The AI assistant design worked through privacy review before any technical architecture was finalized — ensuring that submitted content (URLs, screenshots, messages) was handled with appropriate data minimization, clear consent flows, and transparent retention policies. Privacy was a design constraint, not an afterthought.


AI Scam Protection — scan anything, get a verdict

The shipped realization of the Scam Detection Assistant is AI Scam Protection: a dedicated module inside the Webroot app that lets people check whether something is legitimate before they act on it. It accepts the content users are actually unsure about — email and direct-message text, files and documents, images, and video — through a single drop zone. A user can drag a file in, paste a suspicious link, or paste the body of a message, and the assistant classifies it. This is the SmartScan-first principle in production: users never have to decide whether something is "suspicious enough" to check first.
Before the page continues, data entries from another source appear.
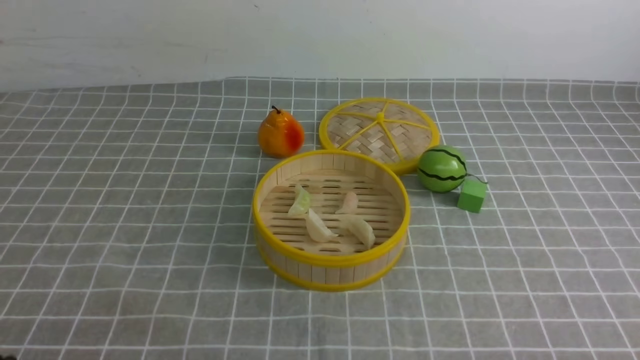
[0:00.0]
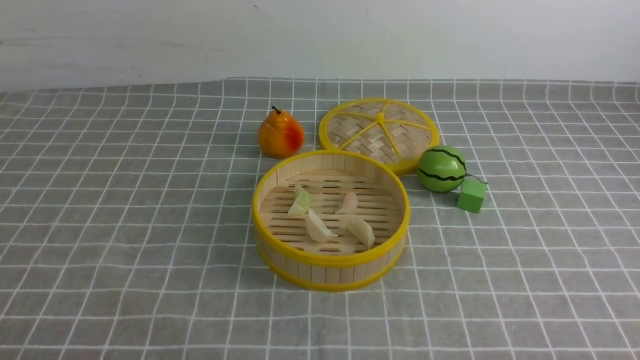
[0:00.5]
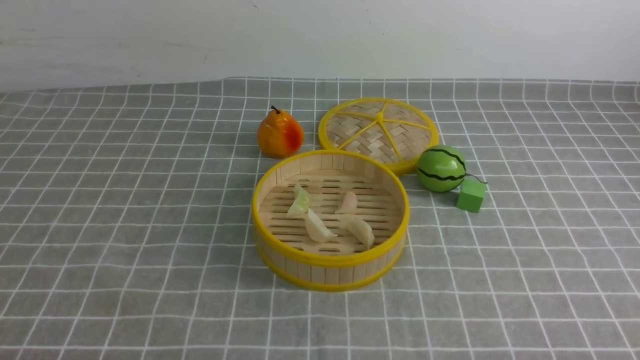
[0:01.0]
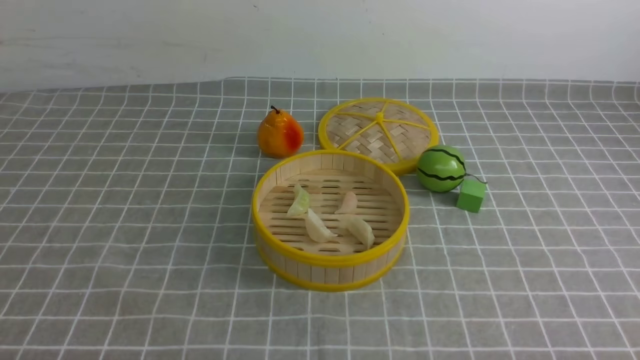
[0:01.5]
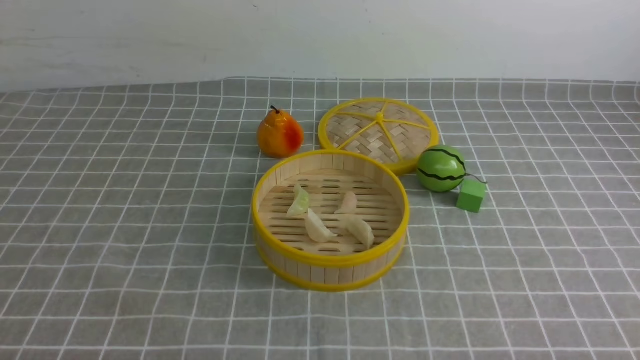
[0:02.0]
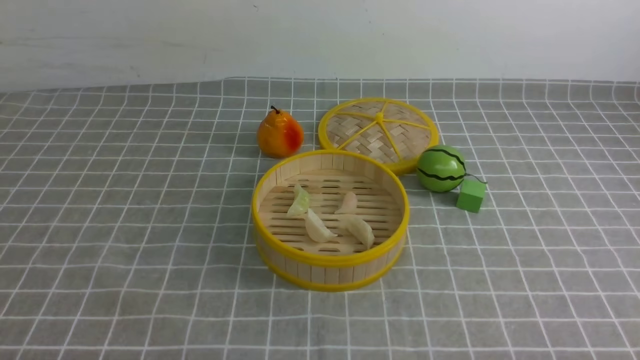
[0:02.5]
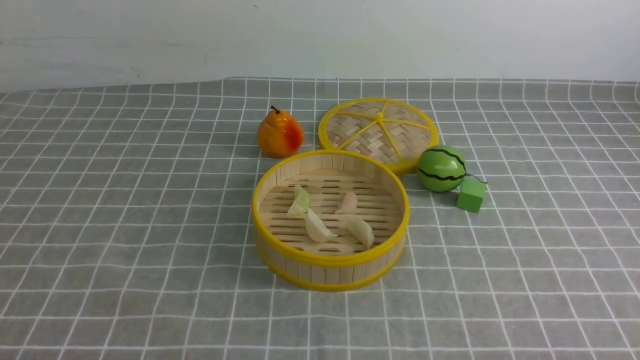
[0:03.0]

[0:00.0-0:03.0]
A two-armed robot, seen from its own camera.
Task of the whole recording: put the dumplings into the steamer on the table with the grey tablecloth.
0:01.5 to 0:03.0: Both grippers stay put.

The flow leads with intent rather than a bare spinner — the processing state reads "Checking for scams…", framing the wait around the verdict it is building toward. The privacy posture is stated at the point of use, not buried in terms: the panel reminds users that Webroot only scans what they share and does not store their data or reach anything else on the device. Nothing in the experience uses red, countdowns, or fear copy — the same calm, factual tone the persona research demanded.

Scan anything, classify automatically

One drop zone takes email and message text, files, images, and video. Users paste or drag — they never have to judge whether something is suspicious before submitting it. The SmartScan-first research principle, shipped as a single input affordance.

Verdict-first processing

The wait state says "Checking for scams…" rather than showing a bare spinner, framing the experience around the safe / suspicious / blocked verdict it is building toward — clarity over narrative arc, exactly as the conversation design specified.
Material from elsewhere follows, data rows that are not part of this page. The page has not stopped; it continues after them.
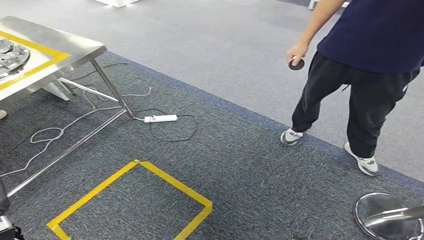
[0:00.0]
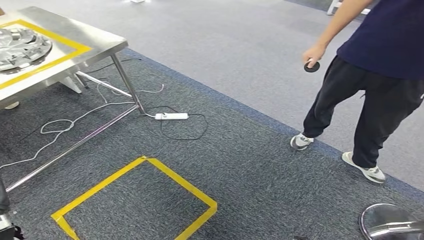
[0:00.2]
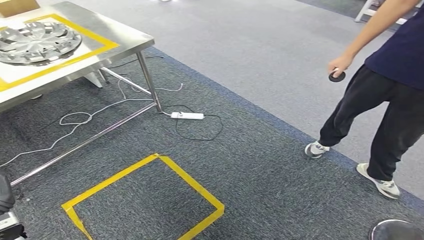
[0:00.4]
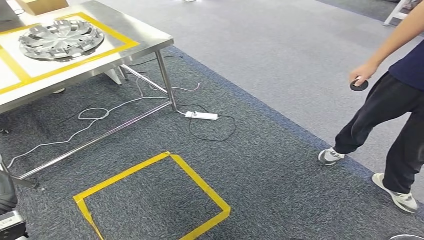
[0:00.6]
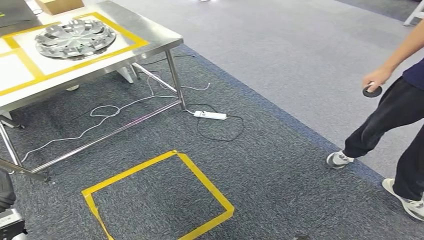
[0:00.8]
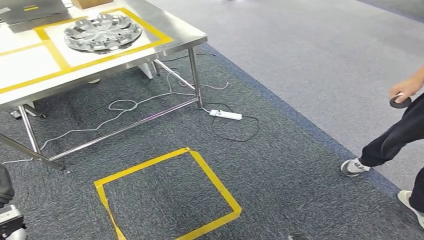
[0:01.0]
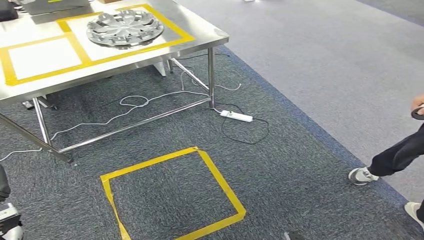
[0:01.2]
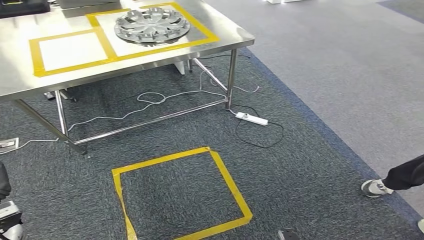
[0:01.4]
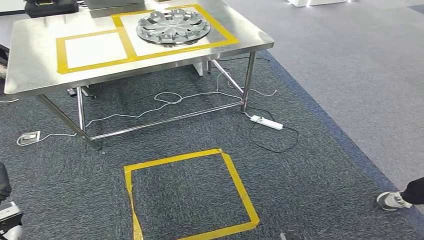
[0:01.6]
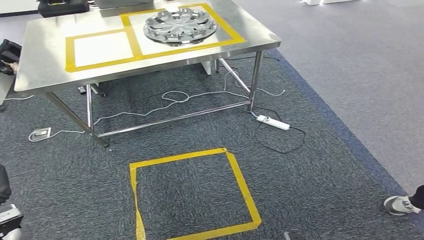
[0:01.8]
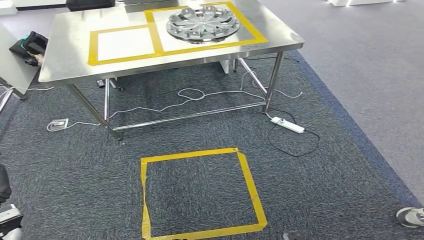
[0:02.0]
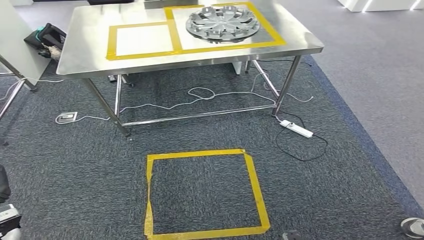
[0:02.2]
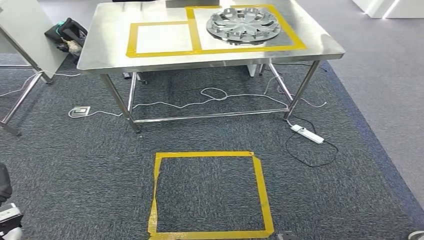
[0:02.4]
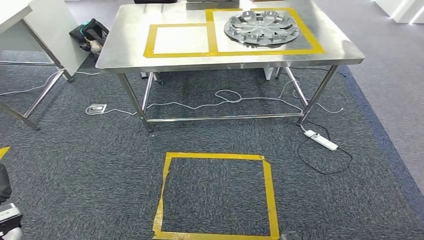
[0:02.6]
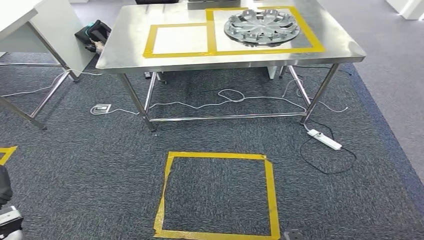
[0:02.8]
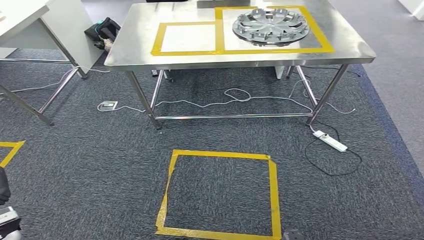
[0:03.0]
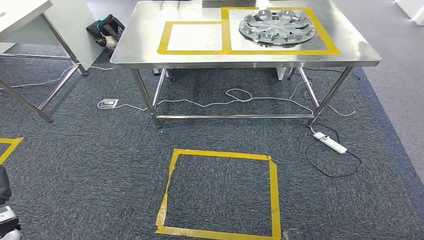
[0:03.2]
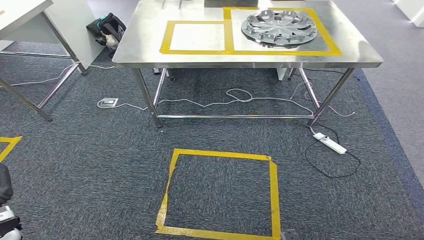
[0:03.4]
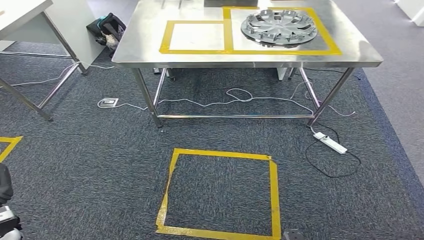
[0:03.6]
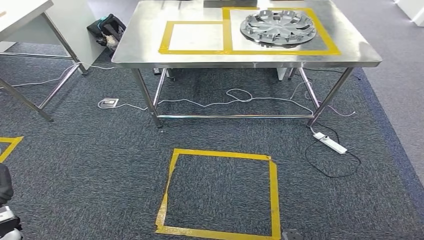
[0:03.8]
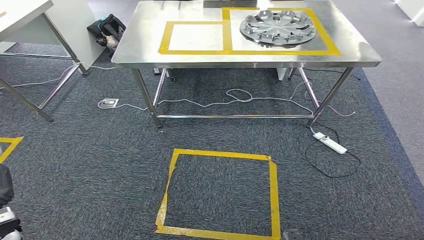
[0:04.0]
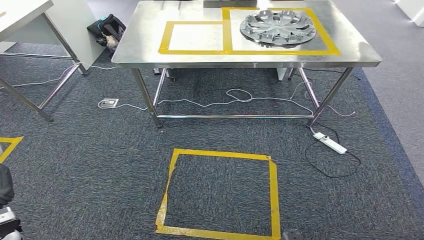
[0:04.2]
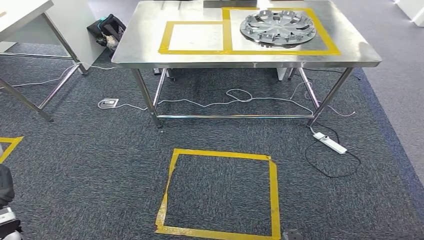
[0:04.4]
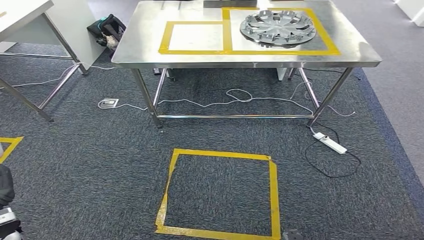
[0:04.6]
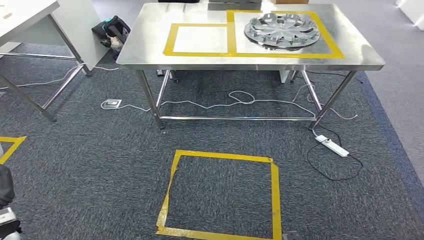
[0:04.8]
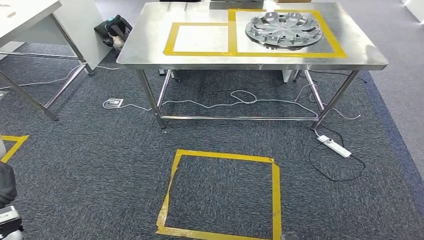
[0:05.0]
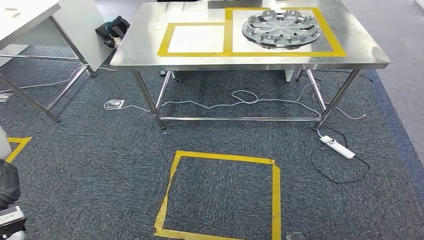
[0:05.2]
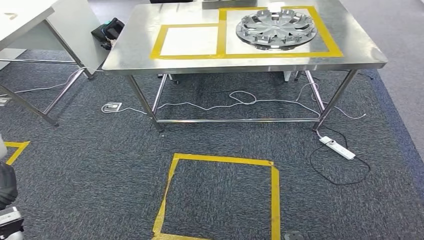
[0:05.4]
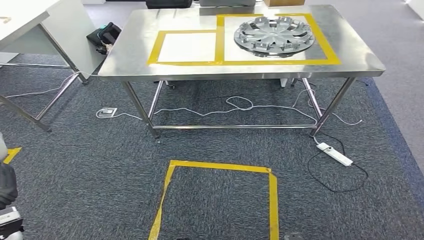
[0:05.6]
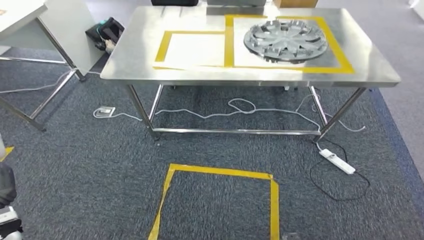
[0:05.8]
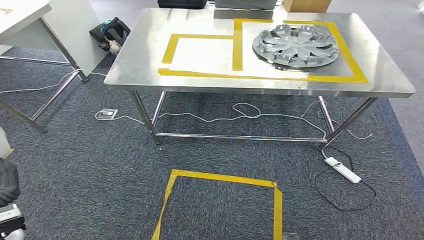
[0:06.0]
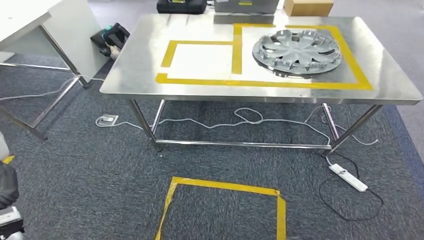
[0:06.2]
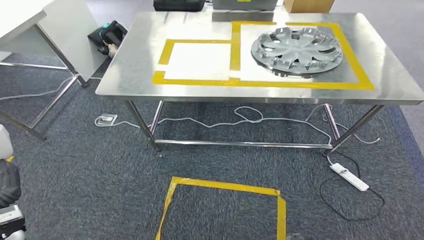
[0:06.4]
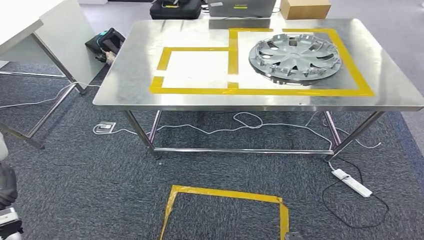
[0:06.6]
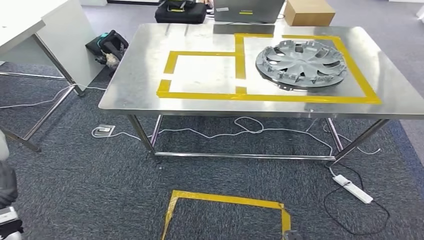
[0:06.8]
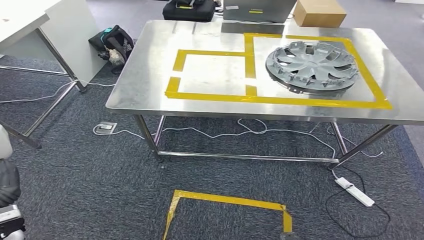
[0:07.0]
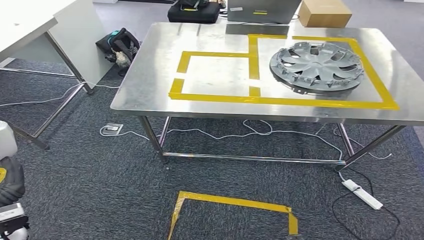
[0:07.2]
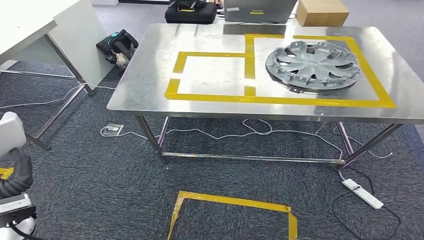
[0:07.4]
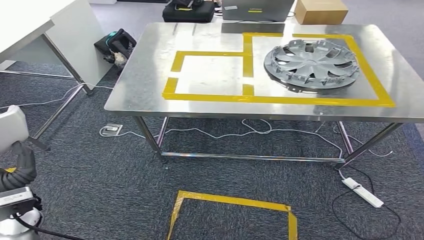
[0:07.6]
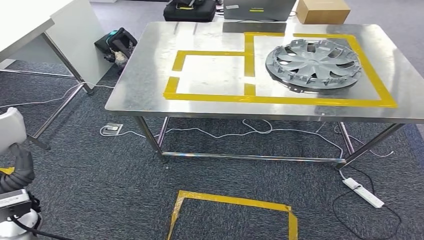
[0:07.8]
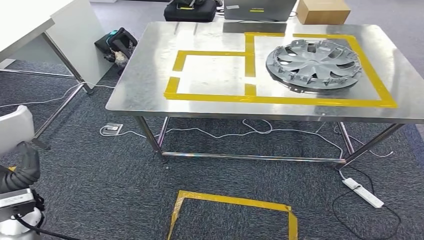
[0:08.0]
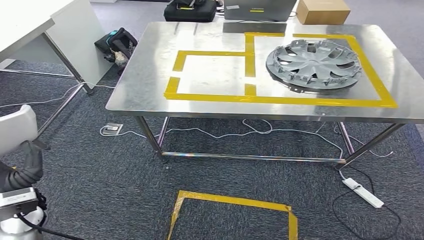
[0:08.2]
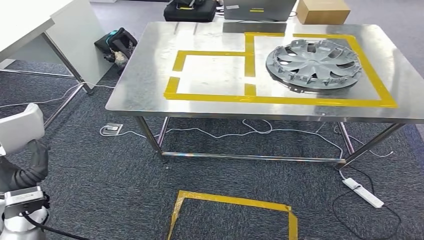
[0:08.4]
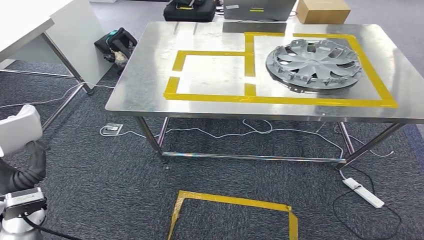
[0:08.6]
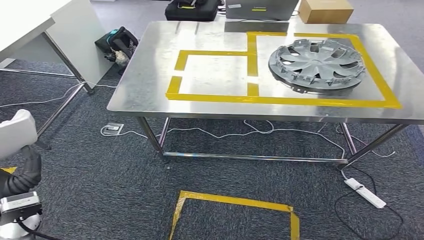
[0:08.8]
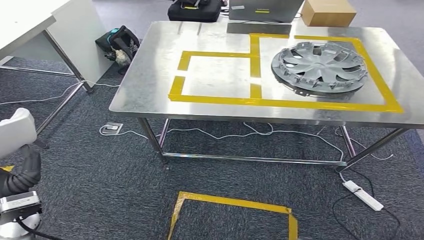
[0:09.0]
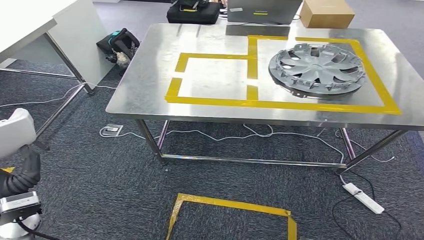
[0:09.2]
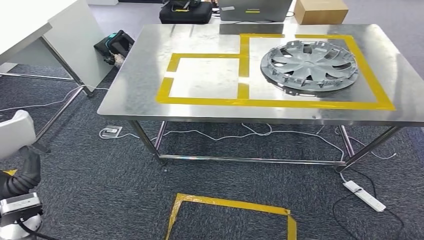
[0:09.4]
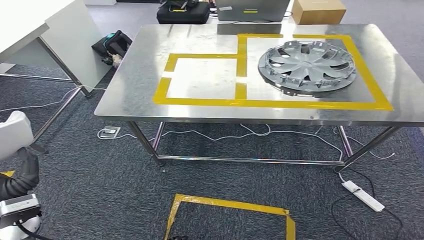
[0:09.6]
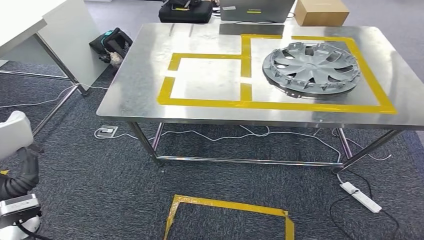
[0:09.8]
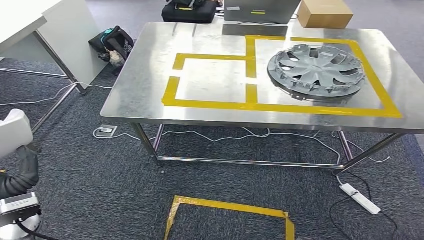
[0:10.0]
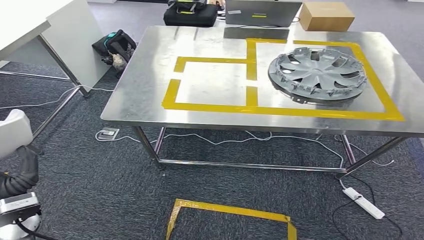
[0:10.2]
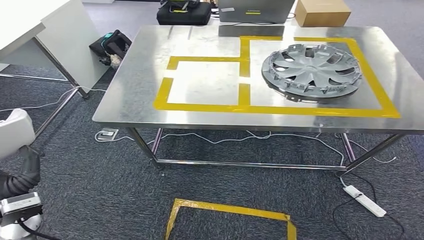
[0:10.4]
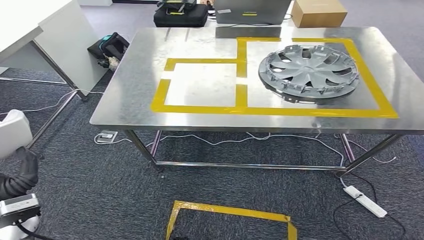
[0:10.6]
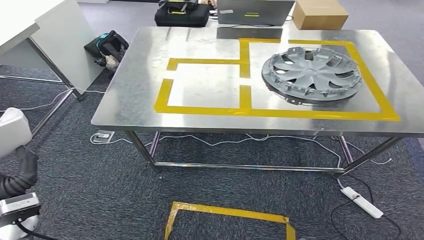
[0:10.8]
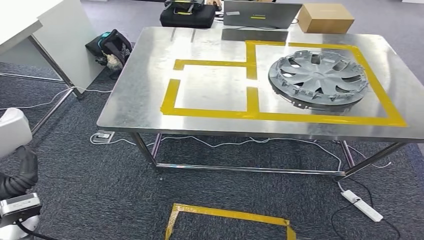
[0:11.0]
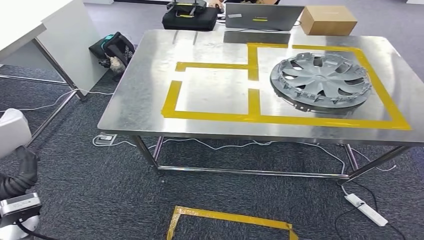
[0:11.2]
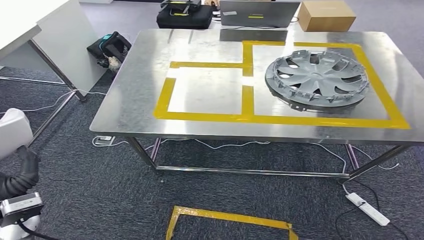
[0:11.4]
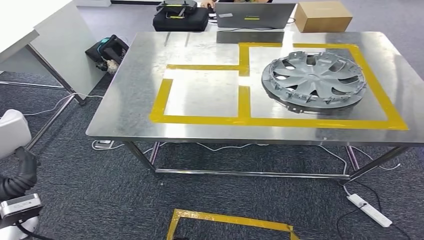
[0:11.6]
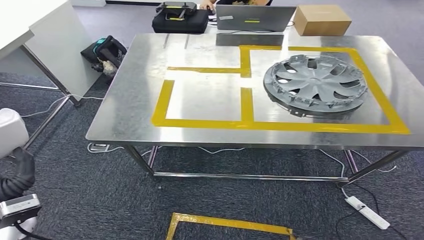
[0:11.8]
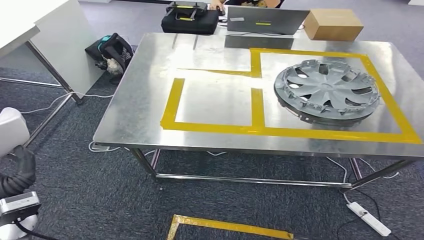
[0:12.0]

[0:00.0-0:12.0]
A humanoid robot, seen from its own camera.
Step, 0:00.0 to 0:10.4: Bring the small component to the front of the workbench.
0:03.0 to 0:04.4: Both hands stay about where they are.

Privacy stated at the point of use

The panel tells users plainly that Webroot only scans what they share and does not store their data or access anything else on the device — the privacy-by-design principle made visible where the decision happens, not hidden in a terms page.

Calm, never alarming

No red states, no countdowns, no fear copy in the scanning flow — just the brand mascot and a plain-language status. The emotional tone reflects the research finding that users abandon tools that feel alarmist or upsell through anxiety.


A responsible-AI foundation that outlived the feature

Responsible AI framework established as a template for all future AI-powered features — including formal bias/risk review, ethical copywriting standards, and a privacy-first design protocol that predated legal requirements and positioned the product for regulatory compliance.

AI Scam Protection shipped inside the Webroot app — a SmartScan-first experience that lets users check email, messages, files, images, and links and returns a plain-language safe / suspicious / blocked verdict, with privacy stated at the point of use.

A verdict-first conversation model that inverted the typical AI assistant pattern — leading with the answer, not narrative — and a calm, non-alarmist voice codified in a responsible-AI copy guide distributed to content and engineering teams.